Monday, September 8, 2008

All I intended to be

All that I intended to be, is lost to the past.

Sometimes I can't stand seeing the world around me, this place that I live in. Everything is a reminder of the 'healthy' me, the 'old' me.

There, over there, that's the street I used to ride my bike down, the wind in my hair, complete freedom – the same street I rode straight into a pole and lay laughing on the ground, my friend laughing with me until our tummies hurt so much we could laugh no more.

Everything is a reminder of the 'healthy' me, the 'old' me.
Sometimes I cannot stand it, it drives me insane.

Outside my window, looking out from the bed I'm forced to spend so much time in, there's my street, memories of walking – or running – down there with my surfboard, body board, or just a towel with my best friend desperate for a swim to escape the harsh summer heat.

We were once in separable...

There, there's my school. The school where I was both the 'old' me and the 'new' me, I am no longer sure who is the real me. All that I ever was, it was stripped away from me overnight. We'll drive past while kids are dressed in their PE uniform running the cross country course. It is like a stab to my heart, every time. In them, I see myself. I see my old self running, like a ghost from the past.

Out the back, there's my garden. It's there I used to let off steam in the afternoon shooting hoops. Kicking a ball around, mucking around with friends. It was so normal to have endless energy.

There, there's the beach. The beach where I spent every afternoon after school, swimming, getting smashed on the surfboard, sucked out around by the whirlpool that appeared in the early evenings. The beach I ran along at 6am in the morning before school, watching the sunrise over the ocean.

I want to erase it all, these ghosts of the past. Sometimes I want to smash it all to pieces, get as far away from here as possible, because the anger and hurt takes over and I feel like screaming that I cannot take it anymore.
Illness changes everything. It steals your identity. It stole my teenage years, ripped them away, over before their time, it's stealing my youth, out of my control. You find out who your real friends are, it hurts so much to lose people who you once considered your closest of friends.

I want to live what most take for granted. Study full time, get assignments done on time (even if you start them the night before), achieve marks to my full potential, be able to go out with friends, have a job, drive a car, do all those priceless things I took for granted all those years ago, back when I was healthy, luckier than I knew.

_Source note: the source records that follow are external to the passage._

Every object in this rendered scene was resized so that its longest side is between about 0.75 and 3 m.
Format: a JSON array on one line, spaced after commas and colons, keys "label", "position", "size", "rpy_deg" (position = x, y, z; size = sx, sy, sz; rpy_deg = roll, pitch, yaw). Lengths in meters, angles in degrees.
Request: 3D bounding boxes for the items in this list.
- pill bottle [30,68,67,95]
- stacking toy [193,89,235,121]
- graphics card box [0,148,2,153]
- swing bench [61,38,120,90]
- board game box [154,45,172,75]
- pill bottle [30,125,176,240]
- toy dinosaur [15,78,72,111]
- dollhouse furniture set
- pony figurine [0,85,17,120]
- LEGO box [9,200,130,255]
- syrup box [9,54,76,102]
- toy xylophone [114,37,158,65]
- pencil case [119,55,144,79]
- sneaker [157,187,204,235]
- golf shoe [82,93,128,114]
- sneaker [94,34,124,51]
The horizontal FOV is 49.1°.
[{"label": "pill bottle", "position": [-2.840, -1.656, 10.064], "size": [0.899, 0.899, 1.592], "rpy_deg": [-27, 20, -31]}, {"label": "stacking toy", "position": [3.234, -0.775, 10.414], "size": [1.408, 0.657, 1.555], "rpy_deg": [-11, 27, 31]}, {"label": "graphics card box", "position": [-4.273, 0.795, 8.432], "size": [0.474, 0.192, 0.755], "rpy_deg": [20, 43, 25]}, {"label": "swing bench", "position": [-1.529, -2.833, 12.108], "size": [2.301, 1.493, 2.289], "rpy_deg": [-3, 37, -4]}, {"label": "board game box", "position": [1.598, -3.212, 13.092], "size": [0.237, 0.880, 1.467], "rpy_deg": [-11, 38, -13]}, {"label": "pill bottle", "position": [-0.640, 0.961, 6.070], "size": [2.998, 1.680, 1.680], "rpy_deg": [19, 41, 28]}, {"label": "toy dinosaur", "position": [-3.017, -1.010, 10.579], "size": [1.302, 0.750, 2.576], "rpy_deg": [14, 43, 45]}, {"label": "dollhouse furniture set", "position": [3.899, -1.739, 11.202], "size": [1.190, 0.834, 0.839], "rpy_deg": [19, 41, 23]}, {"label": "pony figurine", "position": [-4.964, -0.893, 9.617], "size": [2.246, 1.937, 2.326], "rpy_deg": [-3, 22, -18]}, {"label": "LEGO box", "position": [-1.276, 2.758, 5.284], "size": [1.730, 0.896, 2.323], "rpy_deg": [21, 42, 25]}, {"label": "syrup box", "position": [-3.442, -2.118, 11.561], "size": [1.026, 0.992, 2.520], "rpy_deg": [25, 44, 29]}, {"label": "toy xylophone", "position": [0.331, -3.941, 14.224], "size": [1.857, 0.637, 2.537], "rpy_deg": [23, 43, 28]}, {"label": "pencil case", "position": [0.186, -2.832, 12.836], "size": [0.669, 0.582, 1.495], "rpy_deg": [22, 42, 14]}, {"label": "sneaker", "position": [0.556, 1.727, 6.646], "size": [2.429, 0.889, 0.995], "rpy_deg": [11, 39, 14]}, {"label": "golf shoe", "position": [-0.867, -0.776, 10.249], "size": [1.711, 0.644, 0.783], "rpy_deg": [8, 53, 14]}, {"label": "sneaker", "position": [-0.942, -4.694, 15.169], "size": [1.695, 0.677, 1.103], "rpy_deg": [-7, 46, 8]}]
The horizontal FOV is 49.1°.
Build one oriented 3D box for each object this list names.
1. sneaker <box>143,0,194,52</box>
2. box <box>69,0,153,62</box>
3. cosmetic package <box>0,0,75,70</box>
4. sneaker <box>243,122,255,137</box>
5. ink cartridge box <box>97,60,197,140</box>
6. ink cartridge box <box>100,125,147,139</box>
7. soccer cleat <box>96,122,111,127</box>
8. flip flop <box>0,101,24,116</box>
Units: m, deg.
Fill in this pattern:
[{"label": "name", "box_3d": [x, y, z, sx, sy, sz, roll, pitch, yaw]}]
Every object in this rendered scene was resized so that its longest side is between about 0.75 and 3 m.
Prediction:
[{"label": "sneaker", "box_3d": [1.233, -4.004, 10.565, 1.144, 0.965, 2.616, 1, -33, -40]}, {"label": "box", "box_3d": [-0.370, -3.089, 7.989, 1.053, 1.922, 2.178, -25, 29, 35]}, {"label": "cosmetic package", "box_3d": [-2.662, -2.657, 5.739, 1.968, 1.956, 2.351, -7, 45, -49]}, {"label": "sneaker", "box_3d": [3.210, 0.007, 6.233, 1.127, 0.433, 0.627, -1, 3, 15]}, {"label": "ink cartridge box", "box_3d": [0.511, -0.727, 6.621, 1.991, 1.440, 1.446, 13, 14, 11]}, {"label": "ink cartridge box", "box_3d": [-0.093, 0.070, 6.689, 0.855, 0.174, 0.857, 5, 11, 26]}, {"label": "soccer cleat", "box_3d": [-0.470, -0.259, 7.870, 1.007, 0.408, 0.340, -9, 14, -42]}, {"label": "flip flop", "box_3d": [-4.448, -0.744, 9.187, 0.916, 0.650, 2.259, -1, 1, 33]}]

I want to be able to get out of bed every day, I want to feel alive, I want to be free of pain. Just the pain alone is suffocating me. Pushing me to my limit.

I would do anything for just one more day of health, just imagine the things I could do!

All that I intended to be, is no longer what I strive to be.
I want to be so much more than I once intended to be.

The grief for what I've lost over these years will never leave me, it will always hurt, but I've let go. Not completely, it surfaces from time to time, without warning, but I know that after all I have been through I am better for it. Life seems so much better on the other side, the girl that I was, she wasn't the lucky one – I am. Not that I can always see it.

If you have your health, don't take it for granted. It is more precious than you can possibly comprehend until you've lost it. Please, never waste it.


Sometimes, I do get sick of having to put on a facade to the outside world, to conceal the hell I deal with everyday being in my own body, and the behind the scenes that no one gets to see. People can't understand what they can't see, they can't understand how ill you are if its not visible, if they only see you when you're able to get out of the house, they can't comprehend that you're in agony everyday when you look just fine. But still, I prefer to just smile and get on with things. I hope through my writing though, people can understand it just a little more... even the invisible.

1 comment:

Anderson said...

Consider that if a greal deal of what "you intended to be" initially, was the result of conditioning, then maybe you have not yet realized what your true potential might be.

"He who can no longer pause to wonder and stand rapt in awe, is as good as dead; his(her) eyes are closed."